Illustrated text and pictures: How was DeepSeek R1 made?

TechFlow

02-17

This article is machine translated

Show original

Here is the English translation of the text, with the specified terms preserved:

Interpreting the training process of DeepSeek - R1 based on the technical report released by DeepSeek.

Author: Jiangxinling,Powering AI

Image source: Generated by Boundless AI

How does DeepSeek train its R1 reasoning model?

This article is mainly based on the technical report released by DeepSeek, interpreting the training process of DeepSeek - R1; focusing on the four strategies for constructing and improving the reasoning model.

The original text is from researcher Sebastian Raschka, published at:

https://magazine.sebastianraschka.com/p/understanding-reasoning-llms

This article will summarize the core training part of the R1 reasoning model.

First, based on the technical report released by DeepSeek, here is a diagram of the R1 training process.
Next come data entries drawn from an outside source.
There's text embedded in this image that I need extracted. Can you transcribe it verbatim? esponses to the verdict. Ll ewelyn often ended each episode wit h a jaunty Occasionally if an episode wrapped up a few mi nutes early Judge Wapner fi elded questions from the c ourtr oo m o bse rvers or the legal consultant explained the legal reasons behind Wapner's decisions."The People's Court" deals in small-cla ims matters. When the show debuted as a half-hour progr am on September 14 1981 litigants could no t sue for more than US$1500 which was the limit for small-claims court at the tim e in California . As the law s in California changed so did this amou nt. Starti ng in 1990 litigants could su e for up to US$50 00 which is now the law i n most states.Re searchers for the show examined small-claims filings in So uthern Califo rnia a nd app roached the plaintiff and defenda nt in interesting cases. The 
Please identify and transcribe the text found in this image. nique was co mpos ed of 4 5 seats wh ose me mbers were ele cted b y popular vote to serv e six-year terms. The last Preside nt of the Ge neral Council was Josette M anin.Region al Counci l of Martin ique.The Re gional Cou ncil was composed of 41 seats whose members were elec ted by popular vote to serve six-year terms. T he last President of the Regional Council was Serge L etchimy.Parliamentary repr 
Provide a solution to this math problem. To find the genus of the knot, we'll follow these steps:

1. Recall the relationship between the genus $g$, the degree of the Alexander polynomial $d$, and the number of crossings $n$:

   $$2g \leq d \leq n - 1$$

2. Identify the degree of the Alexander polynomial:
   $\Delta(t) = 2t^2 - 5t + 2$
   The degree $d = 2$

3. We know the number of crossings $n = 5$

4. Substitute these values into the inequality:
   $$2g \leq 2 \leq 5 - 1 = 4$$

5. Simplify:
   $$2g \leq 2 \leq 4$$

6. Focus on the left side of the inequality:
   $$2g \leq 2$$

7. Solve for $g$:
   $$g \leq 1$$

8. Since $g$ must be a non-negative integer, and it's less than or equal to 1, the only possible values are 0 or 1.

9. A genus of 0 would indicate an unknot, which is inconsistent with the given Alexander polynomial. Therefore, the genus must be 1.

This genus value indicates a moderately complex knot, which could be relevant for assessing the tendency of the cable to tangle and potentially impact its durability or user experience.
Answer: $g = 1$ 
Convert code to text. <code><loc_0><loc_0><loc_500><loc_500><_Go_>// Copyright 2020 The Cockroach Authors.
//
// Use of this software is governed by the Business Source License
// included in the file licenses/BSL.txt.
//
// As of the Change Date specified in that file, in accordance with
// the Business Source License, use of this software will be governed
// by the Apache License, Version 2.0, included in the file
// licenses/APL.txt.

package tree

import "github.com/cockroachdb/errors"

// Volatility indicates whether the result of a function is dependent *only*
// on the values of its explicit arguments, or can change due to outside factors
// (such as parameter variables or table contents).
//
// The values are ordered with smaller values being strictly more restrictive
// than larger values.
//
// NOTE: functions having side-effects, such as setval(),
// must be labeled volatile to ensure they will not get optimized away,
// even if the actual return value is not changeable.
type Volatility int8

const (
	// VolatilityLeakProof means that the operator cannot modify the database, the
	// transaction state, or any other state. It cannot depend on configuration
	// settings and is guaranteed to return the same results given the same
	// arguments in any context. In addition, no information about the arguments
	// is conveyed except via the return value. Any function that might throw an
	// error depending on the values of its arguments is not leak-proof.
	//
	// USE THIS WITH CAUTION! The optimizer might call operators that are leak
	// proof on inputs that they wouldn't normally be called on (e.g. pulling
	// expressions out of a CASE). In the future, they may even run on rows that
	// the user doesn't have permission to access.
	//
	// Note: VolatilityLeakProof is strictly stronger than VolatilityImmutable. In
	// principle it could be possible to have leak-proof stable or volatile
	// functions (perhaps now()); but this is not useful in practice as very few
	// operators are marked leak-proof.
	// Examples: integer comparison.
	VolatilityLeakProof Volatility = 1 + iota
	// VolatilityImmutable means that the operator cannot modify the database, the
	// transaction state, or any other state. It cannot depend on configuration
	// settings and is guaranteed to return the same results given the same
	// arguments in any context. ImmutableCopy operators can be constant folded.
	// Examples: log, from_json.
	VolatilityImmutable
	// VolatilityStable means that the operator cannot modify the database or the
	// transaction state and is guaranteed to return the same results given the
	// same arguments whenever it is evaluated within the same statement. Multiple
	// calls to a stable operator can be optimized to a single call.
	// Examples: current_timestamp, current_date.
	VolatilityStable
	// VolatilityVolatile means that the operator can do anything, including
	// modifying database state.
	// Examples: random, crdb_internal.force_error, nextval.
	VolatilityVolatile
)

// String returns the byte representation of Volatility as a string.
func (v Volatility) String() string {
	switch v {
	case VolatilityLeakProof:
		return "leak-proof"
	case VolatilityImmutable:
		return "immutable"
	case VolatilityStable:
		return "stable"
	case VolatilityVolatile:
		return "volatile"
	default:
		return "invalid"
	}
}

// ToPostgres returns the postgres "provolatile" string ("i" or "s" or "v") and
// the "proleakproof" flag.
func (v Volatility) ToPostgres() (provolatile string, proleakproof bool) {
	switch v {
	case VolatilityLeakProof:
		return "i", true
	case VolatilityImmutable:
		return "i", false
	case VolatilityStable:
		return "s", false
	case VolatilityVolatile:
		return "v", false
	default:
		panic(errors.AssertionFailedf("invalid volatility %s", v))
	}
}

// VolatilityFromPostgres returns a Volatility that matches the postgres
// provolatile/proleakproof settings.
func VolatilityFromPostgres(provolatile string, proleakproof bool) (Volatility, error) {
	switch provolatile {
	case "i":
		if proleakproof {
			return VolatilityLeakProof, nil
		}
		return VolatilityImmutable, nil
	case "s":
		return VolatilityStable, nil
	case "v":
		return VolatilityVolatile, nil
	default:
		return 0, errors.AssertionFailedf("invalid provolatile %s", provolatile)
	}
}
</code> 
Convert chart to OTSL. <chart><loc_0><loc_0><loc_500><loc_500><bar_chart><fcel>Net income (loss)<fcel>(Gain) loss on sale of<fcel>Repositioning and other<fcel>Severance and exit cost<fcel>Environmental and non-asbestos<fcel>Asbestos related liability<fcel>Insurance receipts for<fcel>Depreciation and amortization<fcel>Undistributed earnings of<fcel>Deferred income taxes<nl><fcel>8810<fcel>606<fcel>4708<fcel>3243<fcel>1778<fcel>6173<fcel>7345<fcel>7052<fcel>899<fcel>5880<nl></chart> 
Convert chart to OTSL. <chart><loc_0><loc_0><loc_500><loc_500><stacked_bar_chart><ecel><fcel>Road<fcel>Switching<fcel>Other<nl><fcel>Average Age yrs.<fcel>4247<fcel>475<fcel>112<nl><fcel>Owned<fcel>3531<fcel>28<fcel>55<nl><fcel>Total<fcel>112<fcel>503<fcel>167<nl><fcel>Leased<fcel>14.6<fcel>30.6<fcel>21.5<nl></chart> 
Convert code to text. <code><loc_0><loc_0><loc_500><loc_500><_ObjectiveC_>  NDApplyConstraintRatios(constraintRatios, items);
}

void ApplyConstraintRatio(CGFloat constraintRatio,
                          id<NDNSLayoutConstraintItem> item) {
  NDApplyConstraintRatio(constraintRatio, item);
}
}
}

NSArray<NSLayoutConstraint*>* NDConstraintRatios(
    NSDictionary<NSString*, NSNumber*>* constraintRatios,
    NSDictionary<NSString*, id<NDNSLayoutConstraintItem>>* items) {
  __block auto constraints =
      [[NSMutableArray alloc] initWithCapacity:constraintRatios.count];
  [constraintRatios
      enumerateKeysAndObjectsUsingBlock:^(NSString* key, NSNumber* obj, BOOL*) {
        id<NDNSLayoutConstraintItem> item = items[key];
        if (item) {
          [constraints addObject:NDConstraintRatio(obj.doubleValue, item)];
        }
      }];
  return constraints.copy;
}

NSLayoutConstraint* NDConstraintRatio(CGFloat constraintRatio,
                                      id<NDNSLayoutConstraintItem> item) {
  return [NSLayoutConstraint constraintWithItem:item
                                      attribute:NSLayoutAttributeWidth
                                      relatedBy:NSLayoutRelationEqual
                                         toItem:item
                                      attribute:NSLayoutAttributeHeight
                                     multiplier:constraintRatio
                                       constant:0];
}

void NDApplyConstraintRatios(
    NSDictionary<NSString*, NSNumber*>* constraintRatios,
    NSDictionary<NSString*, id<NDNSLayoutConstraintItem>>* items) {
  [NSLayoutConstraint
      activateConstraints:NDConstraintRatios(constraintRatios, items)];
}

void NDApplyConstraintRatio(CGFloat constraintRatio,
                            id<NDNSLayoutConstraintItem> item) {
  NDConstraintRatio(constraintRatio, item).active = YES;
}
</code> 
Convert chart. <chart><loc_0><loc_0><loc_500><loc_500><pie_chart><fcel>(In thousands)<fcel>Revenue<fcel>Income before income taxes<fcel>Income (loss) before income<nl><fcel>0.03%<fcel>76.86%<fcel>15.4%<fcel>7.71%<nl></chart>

Let's go through the process shown in the above image:

(1) DeepSeek - R1 - Zero: This model is based on the DeepSeek - V3 base model released last December. It is trained using reinforcement learning (RL) with two types of reward mechanisms. This method is called "cold start" training, as it does not include a supervised fine-tuning (SFT) step, which is usually part of human feedback reinforcement learning (RLHF).

(2) DeepSeek - R1: This is DeepSeek's flagship reasoning model, built upon the DeepSeek - R1 - Zero. The team optimized it through an additional supervised fine-tuning stage and further reinforcement learning training, improving the "cold start" R1 - Zero model.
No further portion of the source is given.